After posting about my spring de-tox, it occurred to me that Stinging Nettle Tea really deserves its own post. This is a tonic everyone should know about, a tonic that's survived through the ages because it works.
The month of March, I was surprised to learn from my family doctor, is the worst time for flu, and I found this out first-hand toward the end of my de-tox. Who knows whether thrice-daily cups of Nettle Tea boosted my immune system, but I was able to lick the flu relatively easily without suffering the worst of its blows.
How To Make Your Own Nettle Tea
1. Forage stinging nettles or buy at a farmer's market.
2. If you have a screen window you can repurpose or some other similar screen or mesh, prop it up on the floor of a sunny room so that air passes underneath.

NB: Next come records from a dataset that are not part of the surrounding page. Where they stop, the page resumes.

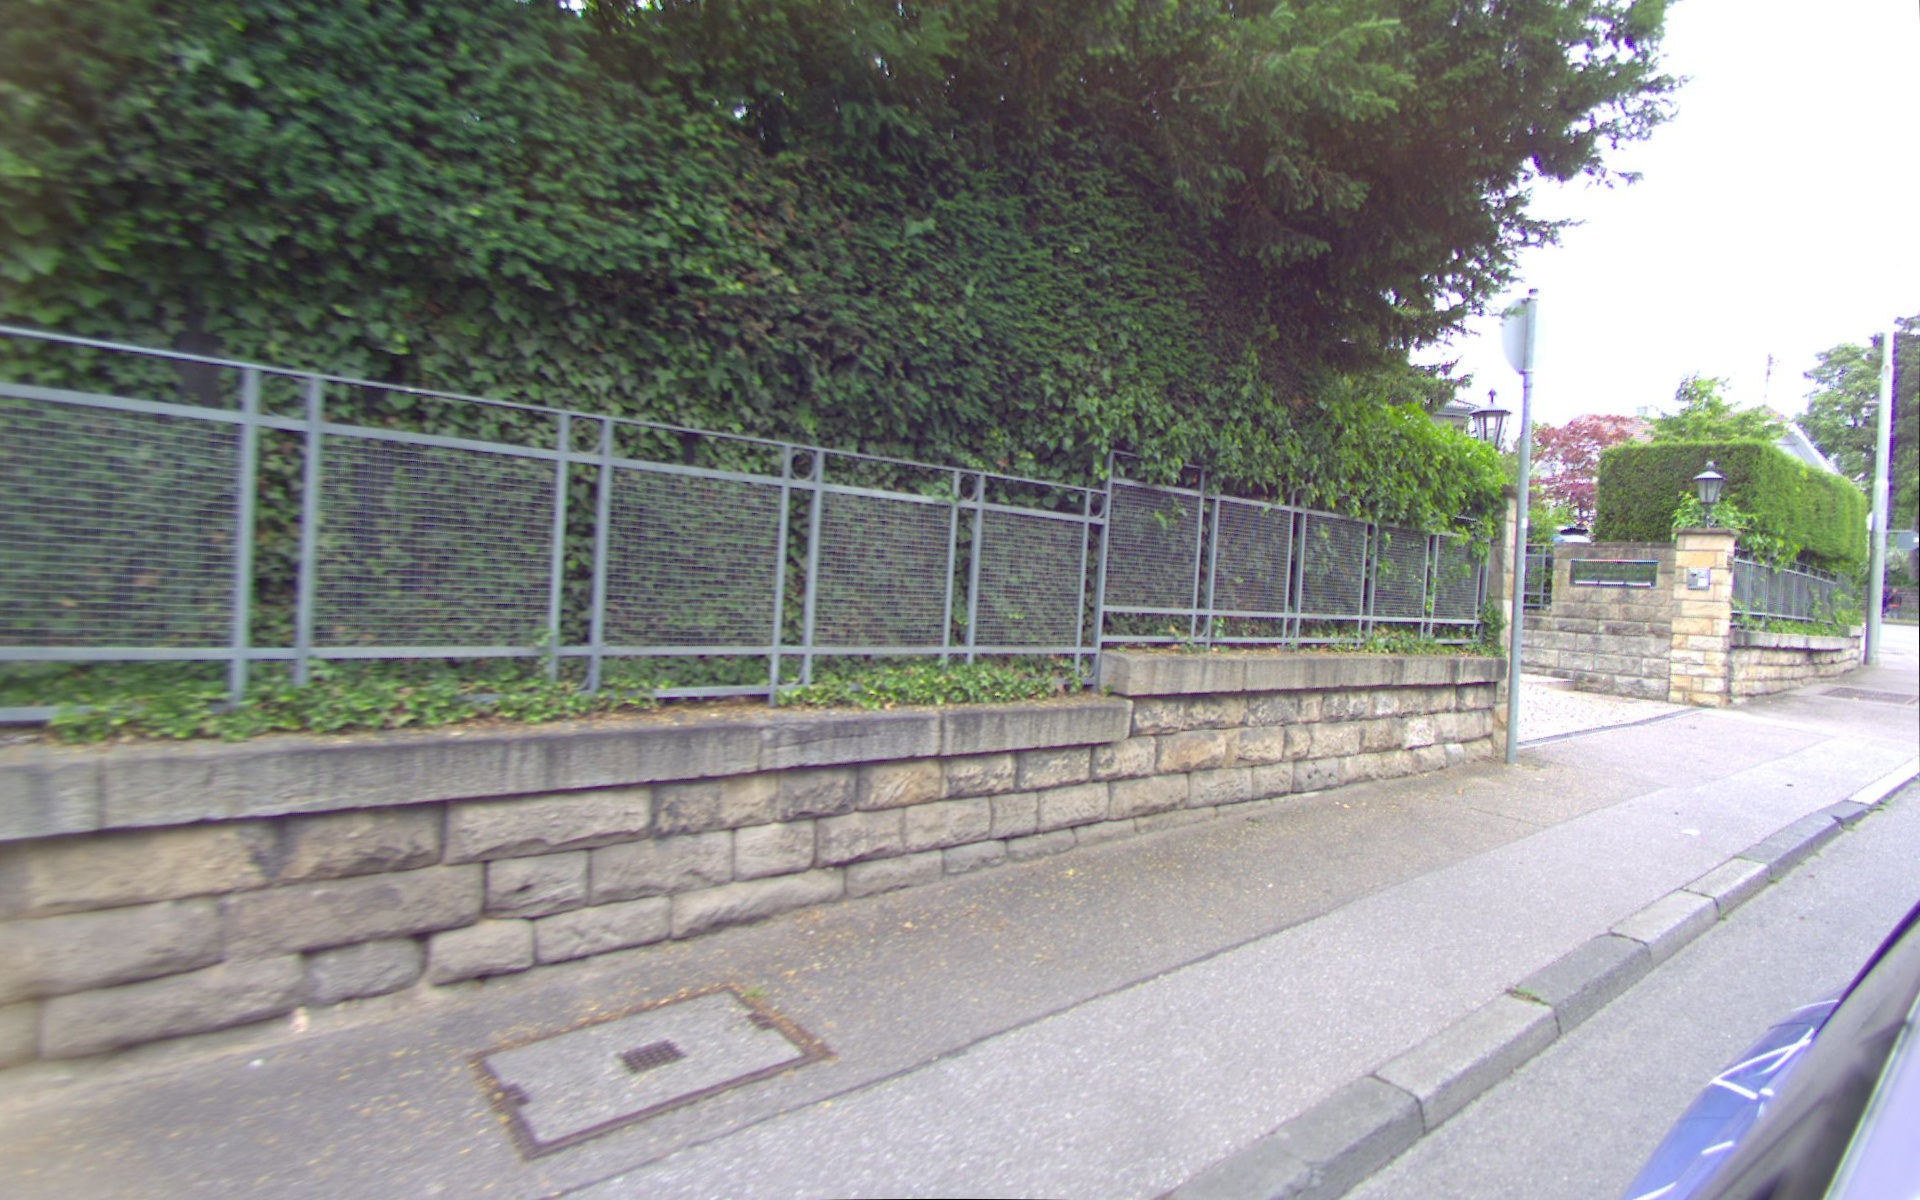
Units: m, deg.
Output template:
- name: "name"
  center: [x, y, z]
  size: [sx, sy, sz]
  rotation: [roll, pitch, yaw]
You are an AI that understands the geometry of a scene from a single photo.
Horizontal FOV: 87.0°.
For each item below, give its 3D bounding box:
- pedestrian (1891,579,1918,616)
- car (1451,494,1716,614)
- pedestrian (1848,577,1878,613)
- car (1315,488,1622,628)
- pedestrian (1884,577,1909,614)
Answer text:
- name: "pedestrian"
  center: [47.444, -0.143, 50.836]
  size: [0.600, 1.809, 0.668]
  rotation: [2, 2, -15]
- name: "car"
  center: [11.785, -0.934, 19.324]
  size: [1.782, 1.629, 3.755]
  rotation: [0, 11, -40]
- name: "pedestrian"
  center: [47.601, -0.279, 53.369]
  size: [0.862, 1.836, 0.689]
  rotation: [2, 2, -11]
- name: "car"
  center: [8.419, -0.778, 17.045]
  size: [1.965, 1.629, 4.004]
  rotation: [0, 11, -40]
- name: "pedestrian"
  center: [48.429, -0.242, 52.332]
  size: [0.591, 1.857, 0.614]
  rotation: [2, 2, -13]
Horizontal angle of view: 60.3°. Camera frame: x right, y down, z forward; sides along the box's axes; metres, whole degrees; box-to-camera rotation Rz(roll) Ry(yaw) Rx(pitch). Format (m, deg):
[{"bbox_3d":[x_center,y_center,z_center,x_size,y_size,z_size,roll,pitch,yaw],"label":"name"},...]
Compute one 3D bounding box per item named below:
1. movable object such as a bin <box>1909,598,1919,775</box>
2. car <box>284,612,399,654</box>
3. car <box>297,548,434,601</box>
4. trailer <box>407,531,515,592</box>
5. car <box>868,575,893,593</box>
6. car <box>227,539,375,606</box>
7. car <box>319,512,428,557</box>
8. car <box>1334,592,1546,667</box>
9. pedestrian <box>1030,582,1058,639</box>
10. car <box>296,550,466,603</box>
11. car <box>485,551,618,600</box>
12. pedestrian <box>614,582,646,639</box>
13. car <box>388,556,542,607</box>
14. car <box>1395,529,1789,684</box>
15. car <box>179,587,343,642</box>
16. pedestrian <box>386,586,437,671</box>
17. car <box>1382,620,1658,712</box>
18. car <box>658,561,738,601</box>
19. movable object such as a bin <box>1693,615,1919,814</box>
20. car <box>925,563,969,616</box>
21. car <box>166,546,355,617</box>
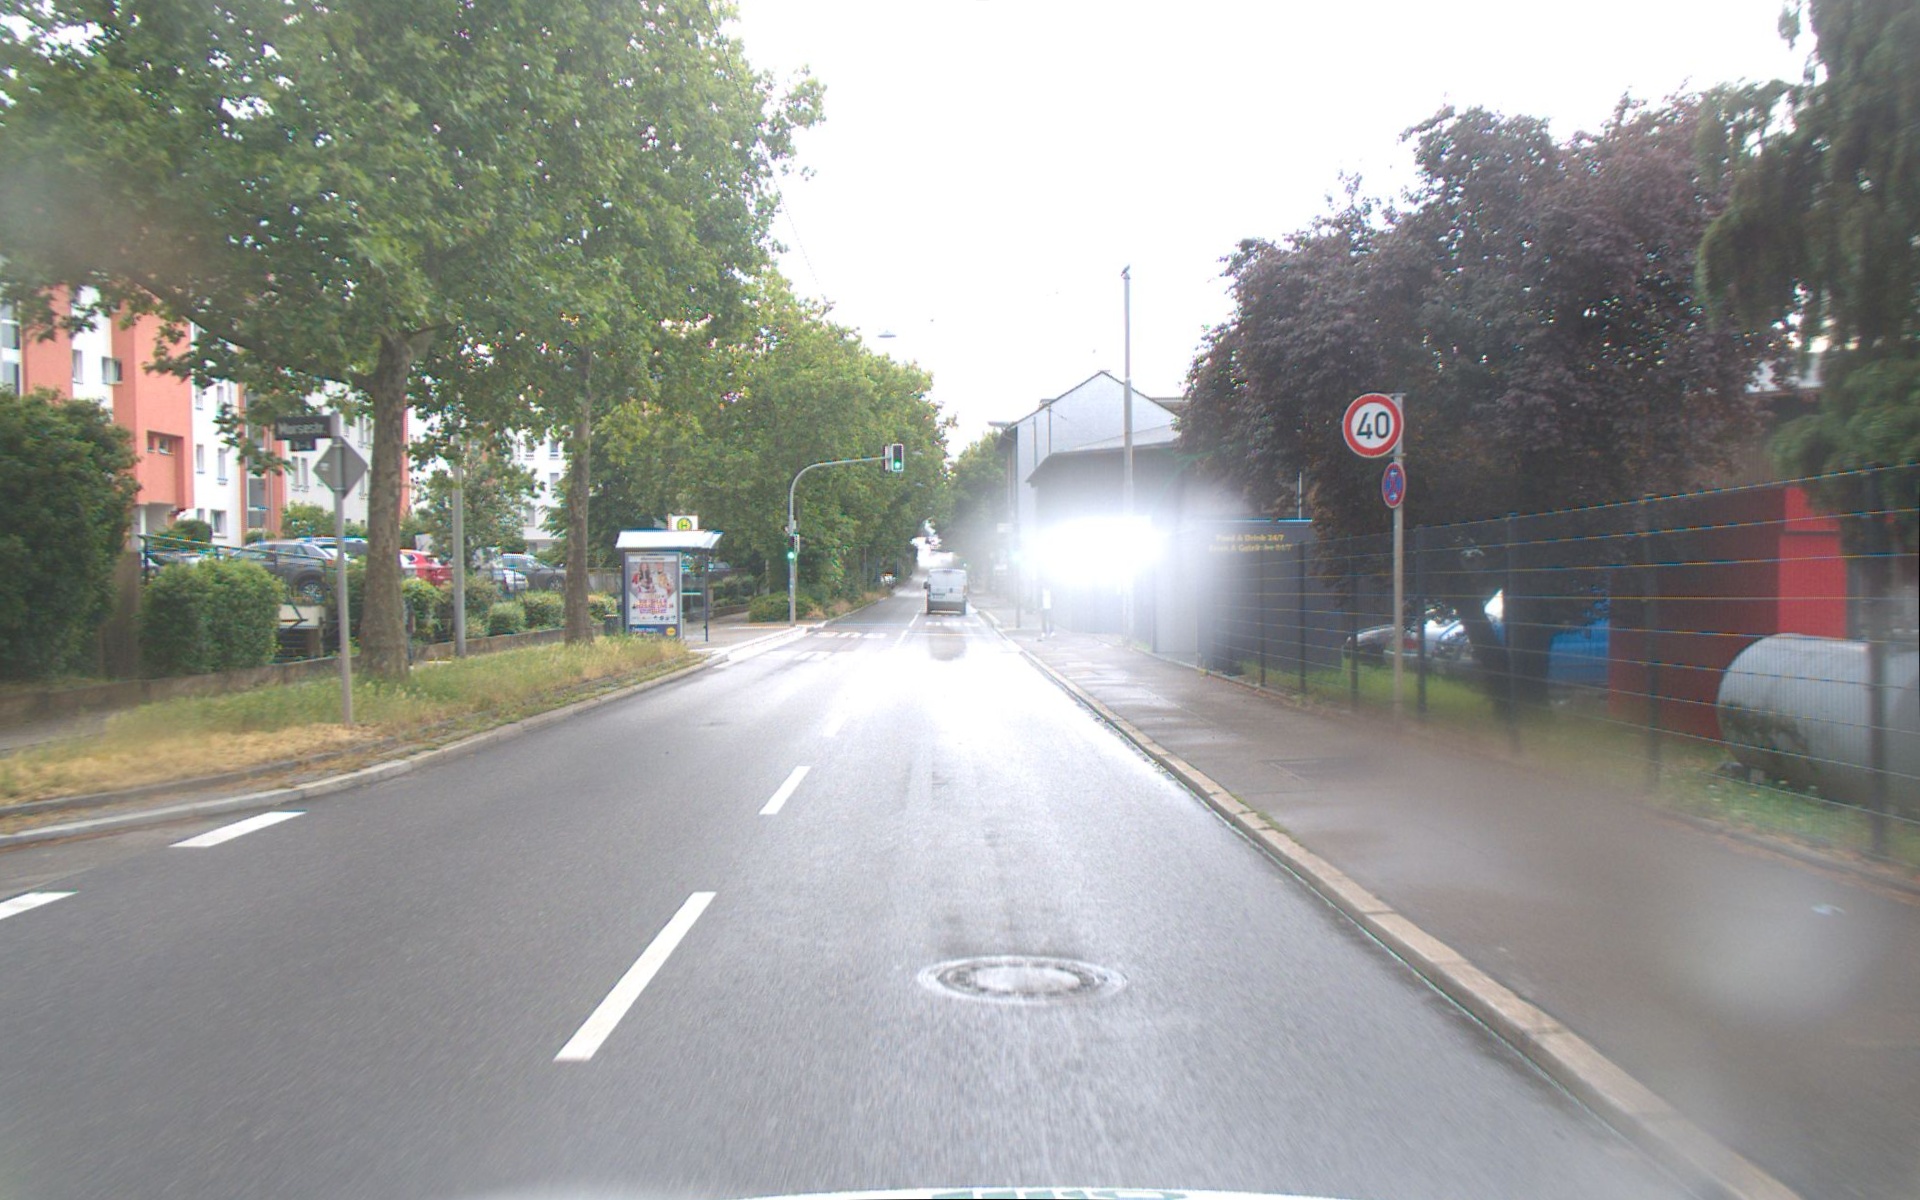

I scavenged a window screen and lay it across stacks of books at the four corners. (You could probably use baking pans in an oven turned very low, too.) Now employ a fan to blow off moisture. Turn the nettles periodically with tongs. Drying time will vary by local climate. Here in the Pacific Northwest it took a few days to fully dry my batch. Once dried, the nettles lose their sting.
3. Feed dried nettles into a food processor and pulverize. Voila: tea. Now store in a proper air-tight canister.
Nettle Tea will surprise you with its distinctive taste, and as a spring tonic it has few equals. Give it a try and tell me what you think.